Gott sieht nämlich nicht auf das, worauf der Mensch sieht. Der Mensch sieht, was vor den Augen ist, der Herr aber sieht das Herz. (1 Samuel 16,7)
Nun toben sie wieder, die tollen Tage. Es ist Fasching, Fastnacht, Karneval. Mit Helau und Alaaf und vielen anderen Karnevalsrufen sind die Närrinnen und Narren unterwegs. Masken und Kostüme haben Hochsaison.
Mit dem Tragen von Masken verbindet sich altes Brauchtum. In früherer Zeit traute sich, durch die Maske geschützt, der einfache Mann wenigstens einmal im Jahr respektlose Reden zu halten und der sonst so gefürchteten Obrigkeit die Meinung zu sagen. Das war ihm in den Tagen vor der Fastenzeit zugestanden.
Zur Karnevalszeit dürfen wir uns kostümieren und sein, wer oder was immer wir sein wollen. Sie gibt uns im wahrsten Sinne des Wortes die Narrenfreiheit, mit einem zwinkernden Auge unbekannte Seiten an uns freizulegen. In dieser Zeit ist es uns also unbenommen, Masken zu tragen. Wir dürfen jemand anderes sein und die Welt mit anderen Augen sehen. Wir schlüpfen in eine andere Rolle. Vielleicht stellen wir uns gerade dann die Frage: „Wer bin ich? Wäre ich gern jemand anderes?“
Natürlich ist es verlockend, eine Maske zu tragen. Durch sie können wir unsere wahren Gedanken verbergen. Wir schirmen uns ab. Wir lassen uns nicht in unser Innerstes blicken. Hinter einer Maske sehen wir nicht das wahre Ich. Wir sehen nur, was wir vor Augen haben. Darum ist es sehr wichtig zu wissen, wann wir die Maske wieder ablegen sollten.

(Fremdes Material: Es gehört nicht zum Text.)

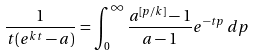Convert formula to latex. <formula><loc_0><loc_0><loc_500><loc_500>\frac { 1 } { t ( e ^ { k t } - a ) } = \int _ { 0 } ^ { \infty } \frac { a ^ { [ p / k ] } - 1 } { a - 1 } e ^ { - t p } \, d p</formula> 
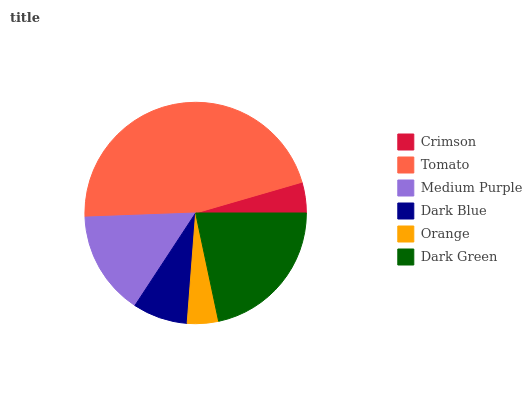Is Crimson the minimum?
Answer yes or no. Yes. Is Tomato the maximum?
Answer yes or no. Yes. Is Medium Purple the minimum?
Answer yes or no. No. Is Medium Purple the maximum?
Answer yes or no. No. Is Tomato greater than Medium Purple?
Answer yes or no. Yes. Is Medium Purple less than Tomato?
Answer yes or no. Yes. Is Medium Purple greater than Tomato?
Answer yes or no. No. Is Tomato less than Medium Purple?
Answer yes or no. No. Is Medium Purple the high median?
Answer yes or no. Yes. Is Dark Blue the low median?
Answer yes or no. Yes. Is Dark Green the high median?
Answer yes or no. No. Is Tomato the low median?
Answer yes or no. No.

Denken Sie noch an die Coronazeit? Wie oft haben wir gesagt: „Ich möchte mal wieder das Gesicht, die Mimik meines Gegenübers sehen!“ Und heute? Wir alle tragen wieder viel zu oft Masken, möchten aber doch das Gesicht des anderen sehen, ihm in die Augen schauen. Unsere Maske aber lassen wir auf.
Doch das geht nicht. Wenn wir uns hinter unseren Masken verstecken, können wir nicht erwarten, dass andere ihre Masken ablegen. Wie soll denn ein anderer als Mensch mit uns reden, wenn wir ihm unser wahres Gesicht nicht zeigen, sondern ihn durch dunkle Gläser der Sonnenbrille betrachten mit Augen, die nicht zu erkennen sind! Und, wenn wir dauernd Rollen spielen, verlieren wir uns selbst. Eine Maske vor dem Gesicht kann sehr anstrengend sein.

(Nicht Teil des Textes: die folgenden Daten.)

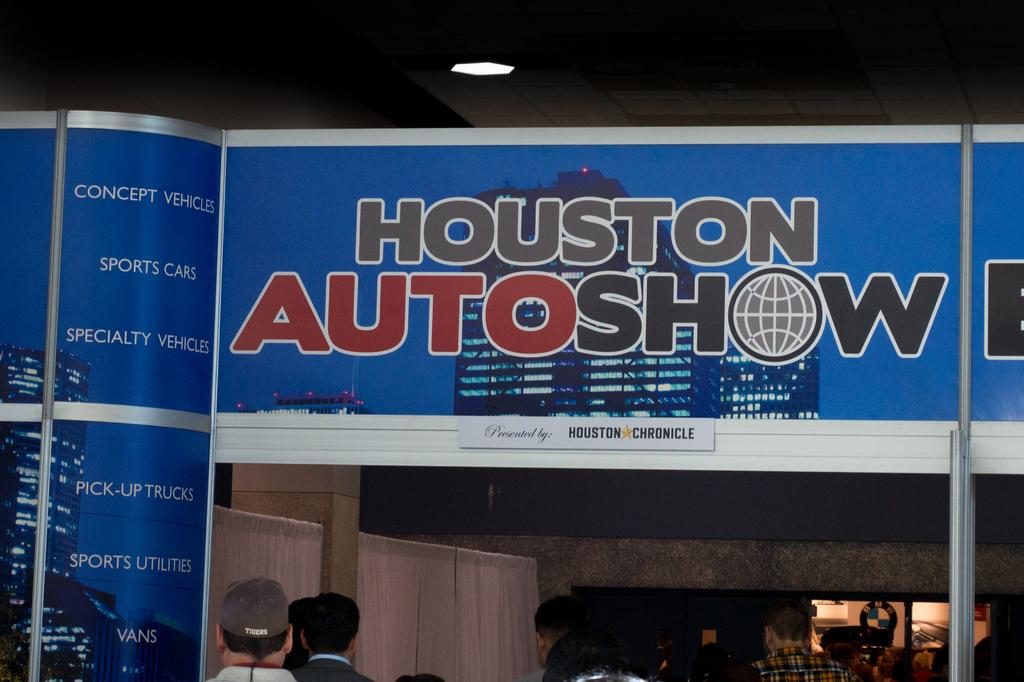What can be seen in the image involving people? There are people standing in the image. What type of signage is present in the image? There are large banners in the image, and they are blue in color. What part of the room can be seen in the image? The ceiling is visible in the image. What is attached to the ceiling in the image? There is a light attached to the ceiling. How many crates are being sorted by the user's sister in the image? There is no sister or crates present in the image.

Also genießen wir die Zeit hinter Masken und Sonnenbrillen. Schlüpfen wir ruhig mal in die eine oder andere Rolle. Aber seien wir auch stark und mutig, die Maskerade frühzeitig fallen zu lassen und zu entdecken, dass wir uns gar nicht verstecken brauchen. Denn es geht kein Mensch über die Erde, den Gott nicht gewollt hat. Und vergessen wir nicht: vor Gott brauchen wir keine Maske, vor ihm können wir sie bedenkenlos abnehmen, er kennt uns nicht einmal mit Maske, er sieht nur auf unser Herz und nimmt uns so an wie wir sind. Geben wir unseren Mitmenschen auch die Chance, uns ohne Maske zu mögen und zu entdecken, wer und wie wir wirklich sind.